Many devices now provide a hash over the 4-tuple on a per packet basis
(Toeplitz is popular).  This patch allow drivers to set the HW reported hash
in an skb field, and that value in turn is used to index into the RPS maps.
Using the HW generated hash can avoid cache misses on the packet when
steering the packet to a remote CPU.

The CPU masks is set on a per device basis in the sysfs variable
/sys/class/net/<device>/rps_cpus.  This is a set of canonical bit maps for
each NAPI nstance of the device.  For example:

echo "0b 0b0 0b00 0b000" > /sys/class/net/eth0/rps_cpus

would set maps for four NAPI instances on eth0.
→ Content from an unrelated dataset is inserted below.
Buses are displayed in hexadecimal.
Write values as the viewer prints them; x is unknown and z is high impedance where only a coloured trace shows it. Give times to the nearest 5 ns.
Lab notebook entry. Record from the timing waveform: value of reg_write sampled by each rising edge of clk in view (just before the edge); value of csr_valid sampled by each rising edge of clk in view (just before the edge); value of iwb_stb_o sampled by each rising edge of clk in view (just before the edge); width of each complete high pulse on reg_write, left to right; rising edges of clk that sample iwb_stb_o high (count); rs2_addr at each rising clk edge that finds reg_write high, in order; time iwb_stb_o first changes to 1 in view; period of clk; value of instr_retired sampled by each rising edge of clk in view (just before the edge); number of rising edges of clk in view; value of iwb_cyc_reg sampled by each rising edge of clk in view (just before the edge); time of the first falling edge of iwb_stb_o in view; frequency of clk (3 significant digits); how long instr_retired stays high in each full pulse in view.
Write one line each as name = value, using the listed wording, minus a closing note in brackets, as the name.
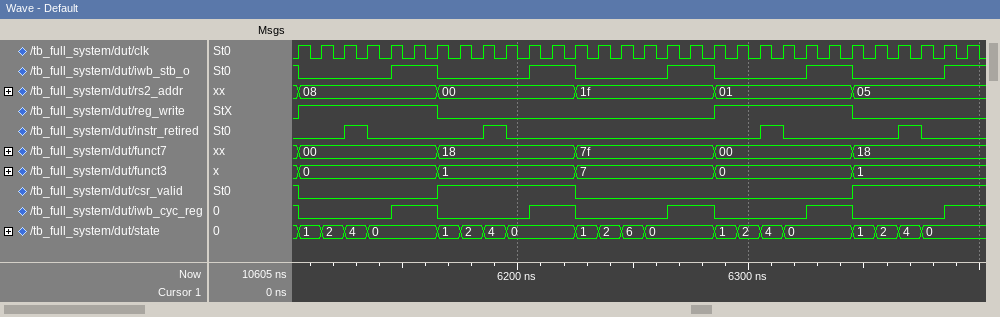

Generally, we have found this technique increases pps capabilities of a single
queue device with good CPU utilization.  Optimal settings for the CPU mask
seems to depend on architectures and cache hierarcy.  Below are some results
running 500 instances of netperf TCP_RR test with 1 byte req. and resp.
Results show cumulative transaction rate and system CPU utilization.

e1000e on 8 core Intel
    Without RPS: 90K tps at 33% CPU
    With RPS:    239K tps at 60% CPU

foredeth on 16 core AMD
    Without RPS: 103K tps at 15% CPU
    With RPS:    285K tps at 49% CPU

Caveats:
- The benefits of this patch are dependent on architecture and cache hierarchy.
Tuning the masks to get best performance is probably necessary.
- This patch adds overhead in the path for processing a single packet.  In
a lightly loaded server this overhead may eliminate the advantages of
increased parallelism, and possibly cause some relative performance degradation.
We have found that RPS masks that are cache aware (share same caches with
the interrupting CPU) mitigate much of this.
- The RPS masks can be changed dynamically, however whenever the mask is changed
this introduces the possbility of generating out of order packets.  It's
probably best not change the masks too frequently.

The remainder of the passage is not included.